[Records from a data source]
* * * * * * *

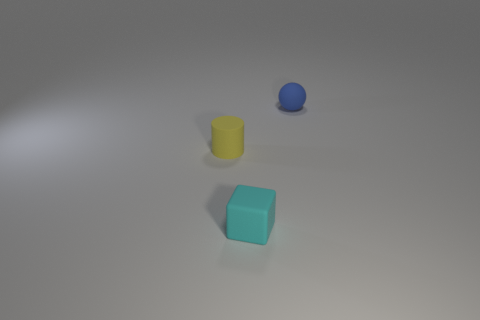Describe the arrangement of objects in the image. There are three objects in the image, positioned on a flat surface. From the perspective of the viewer, there is a yellow cylindrical object on the left, a cyan cube in the center, and a smaller blue spherical object to the right. The layout appears intentional, with an emphasis on geometry and color contrast, creating a visually balanced composition. 
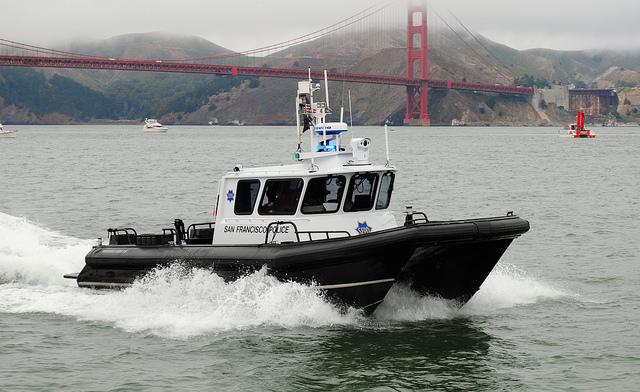What color is the body of this police boat? Please explain your reasoning. black. It's the opposite of the white top 
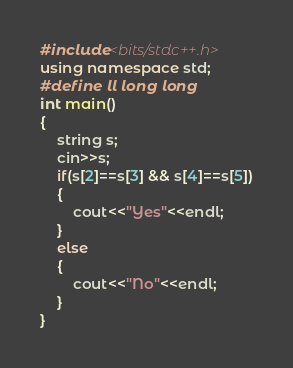<code> <loc_0><loc_0><loc_500><loc_500><_C++_>#include<bits/stdc++.h>
using namespace std;
#define ll long long
int main()
{
    string s;
    cin>>s;
    if(s[2]==s[3] && s[4]==s[5])
    {
        cout<<"Yes"<<endl;
    }
    else
    {
        cout<<"No"<<endl;
    }
}
</code> 
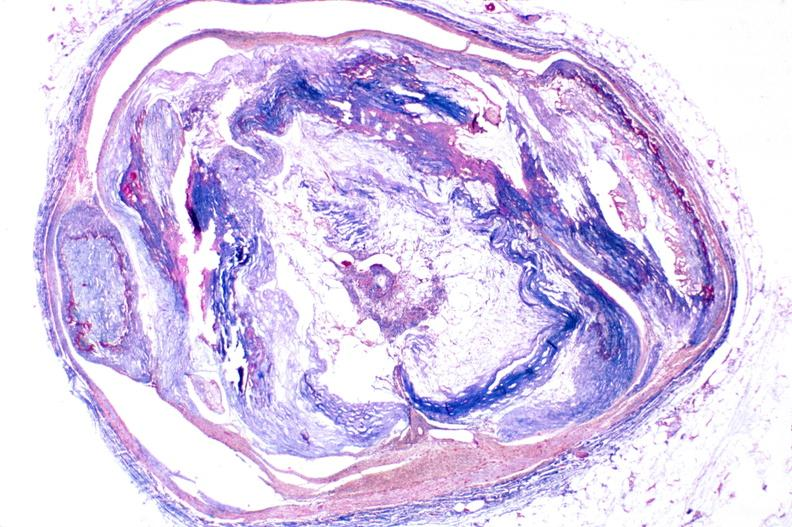does this image show atherosclerosis, right coronary artery?
Answer the question using a single word or phrase. Yes 
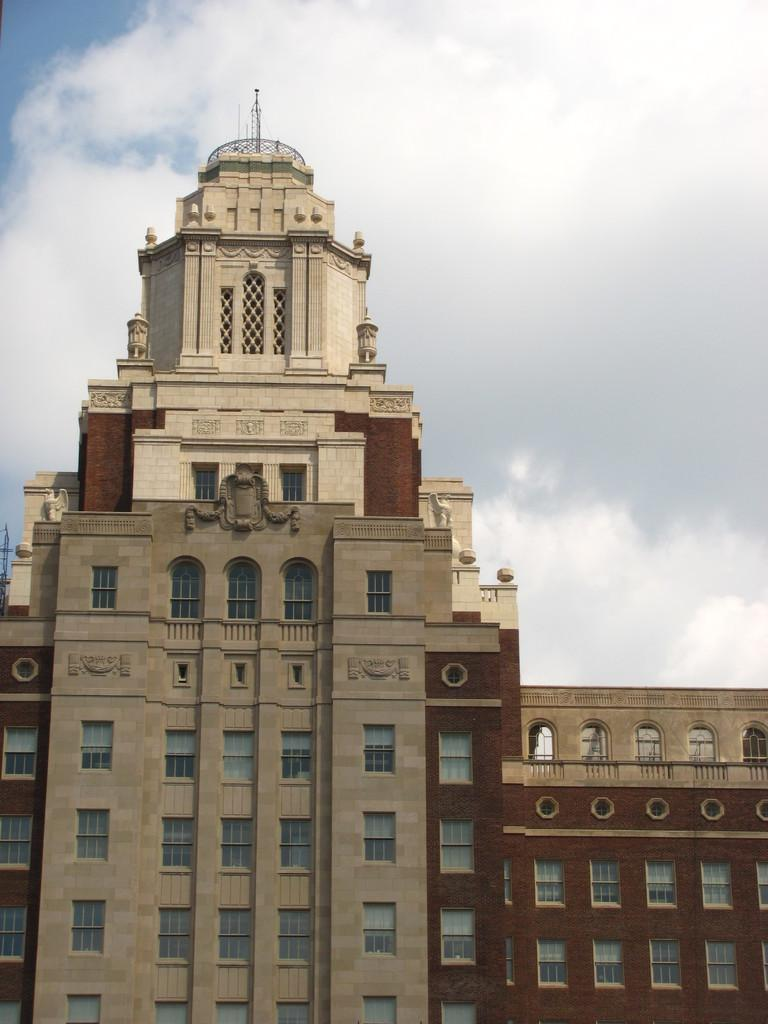What is the main subject of the image? The main subject of the image is a huge building. Can you describe the building's appearance? The building has a lot of windows and carvings on its walls. How many passengers are visible inside the building in the image? There are no passengers visible inside the building in the image, as it is an exterior view of the building. 
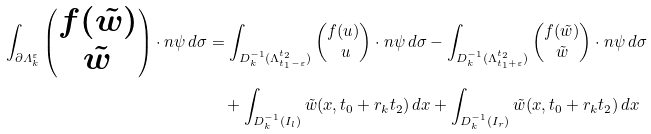Convert formula to latex. <formula><loc_0><loc_0><loc_500><loc_500>\int _ { \partial \varLambda ^ { \varepsilon } _ { k } } \begin{pmatrix} f ( \tilde { w } ) \\ \tilde { w } \end{pmatrix} \cdot n \psi \, d \sigma & = \int _ { D _ { k } ^ { - 1 } ( \Lambda _ { t _ { 1 } - \varepsilon } ^ { t _ { 2 } } ) } \begin{pmatrix} f ( u ) \\ \ u \end{pmatrix} \cdot n \psi \, d \sigma - \int _ { D _ { k } ^ { - 1 } ( \Lambda _ { t _ { 1 } + \varepsilon } ^ { t _ { 2 } } ) } \begin{pmatrix} f ( \tilde { w } ) \\ \tilde { w } \end{pmatrix} \cdot n \psi \, d \sigma \\ & \quad + \int _ { D _ { k } ^ { - 1 } ( I _ { l } ) } \tilde { w } ( x , t _ { 0 } + r _ { k } t _ { 2 } ) \, d x + \int _ { D _ { k } ^ { - 1 } ( I _ { r } ) } \tilde { w } ( x , t _ { 0 } + r _ { k } t _ { 2 } ) \, d x</formula> 
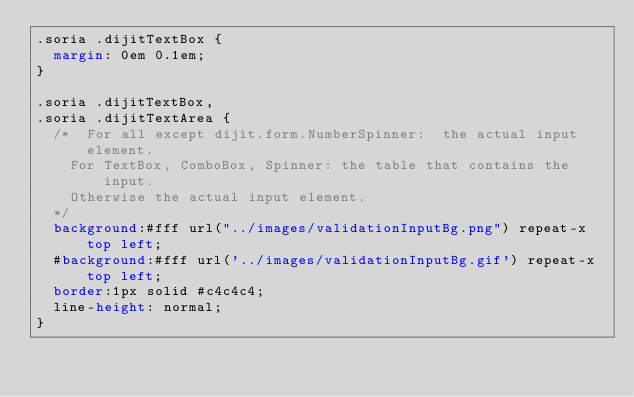Convert code to text. <code><loc_0><loc_0><loc_500><loc_500><_CSS_>.soria .dijitTextBox {
	margin: 0em 0.1em;
}

.soria .dijitTextBox,
.soria .dijitTextArea {
	/* 	For all except dijit.form.NumberSpinner:  the actual input element.
		For TextBox, ComboBox, Spinner: the table that contains the input.
		Otherwise the actual input element.
	*/
	background:#fff url("../images/validationInputBg.png") repeat-x top left;
	#background:#fff url('../images/validationInputBg.gif') repeat-x top left;
	border:1px solid #c4c4c4;
	line-height: normal;
}</code>

* * * * * * *

YOUR TASK = Tally, in the data above, the lines where the word "background" occurs, and give the figure alone.

RESULT FOR THIS EXERCISE = 2